START Source data

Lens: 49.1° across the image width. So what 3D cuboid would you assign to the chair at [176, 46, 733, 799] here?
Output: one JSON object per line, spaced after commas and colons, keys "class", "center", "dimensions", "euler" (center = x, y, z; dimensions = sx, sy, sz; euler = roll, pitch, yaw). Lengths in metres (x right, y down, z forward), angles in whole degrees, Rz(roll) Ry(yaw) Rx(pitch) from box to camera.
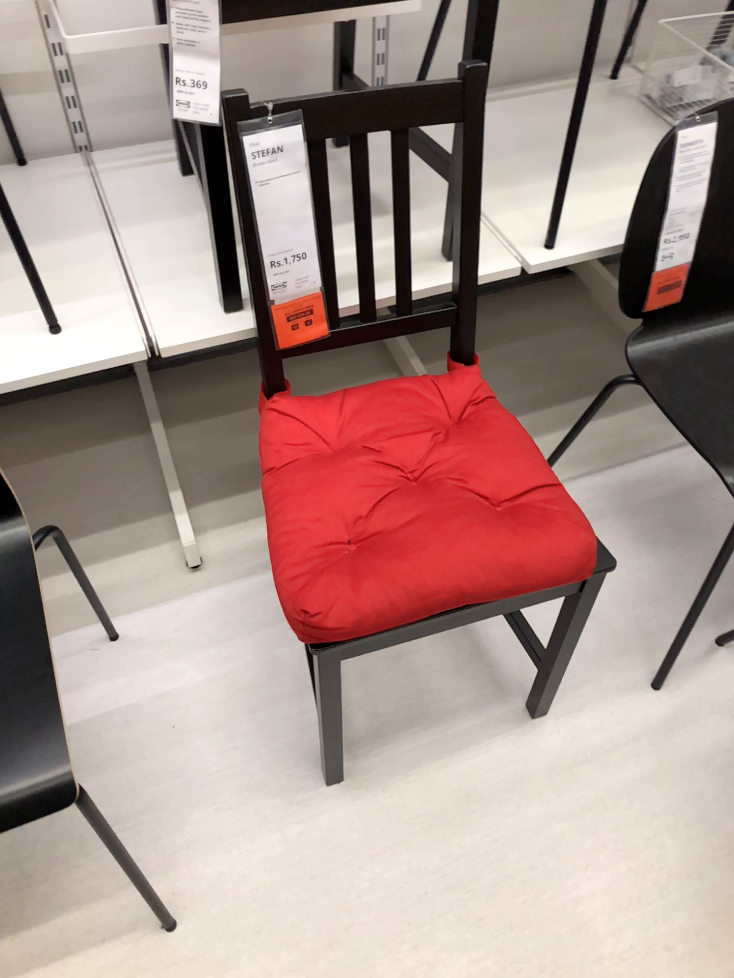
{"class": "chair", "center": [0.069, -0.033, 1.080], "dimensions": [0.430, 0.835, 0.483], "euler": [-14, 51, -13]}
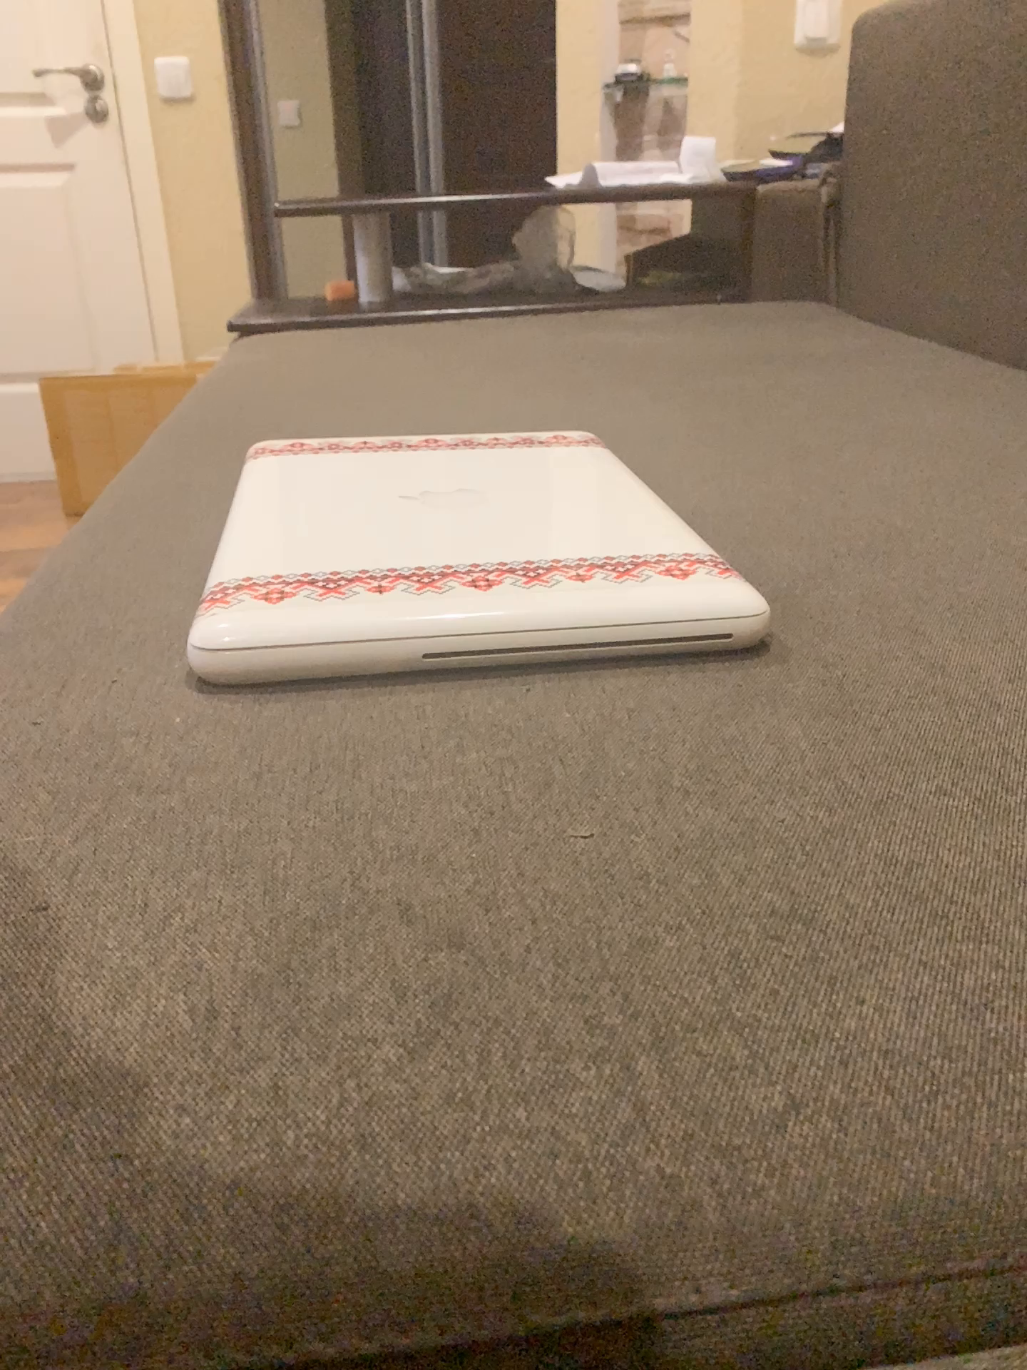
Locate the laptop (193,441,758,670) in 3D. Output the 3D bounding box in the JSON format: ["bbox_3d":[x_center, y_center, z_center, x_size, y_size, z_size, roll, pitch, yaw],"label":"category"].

END Source data

Leave out the pictures and retype every line above exactly.

__Exercise response__.
Lens: 49.1° across the image width. So what 3D cuboid would you assign to the chair at [176, 46, 733, 799] here?
Output: one JSON object per line, spaced after commas and colons, keys "class", "center", "dimensions", "euler" (center = x, y, z; dimensions = sx, sy, sz; euler = roll, pitch, yaw). Lengths in metres (x right, y down, z forward), angles in whole degrees, Rz(roll) Ry(yaw) Rx(pitch) from box to camera.
{"class": "chair", "center": [0.069, -0.033, 1.080], "dimensions": [0.430, 0.835, 0.483], "euler": [-14, 51, -13]}
Locate the laptop (193,441,758,670) in 3D. Output the 3D bounding box in the JSON format: ["bbox_3d":[x_center, y_center, z_center, x_size, y_size, z_size, roll, pitch, yaw],"label":"category"].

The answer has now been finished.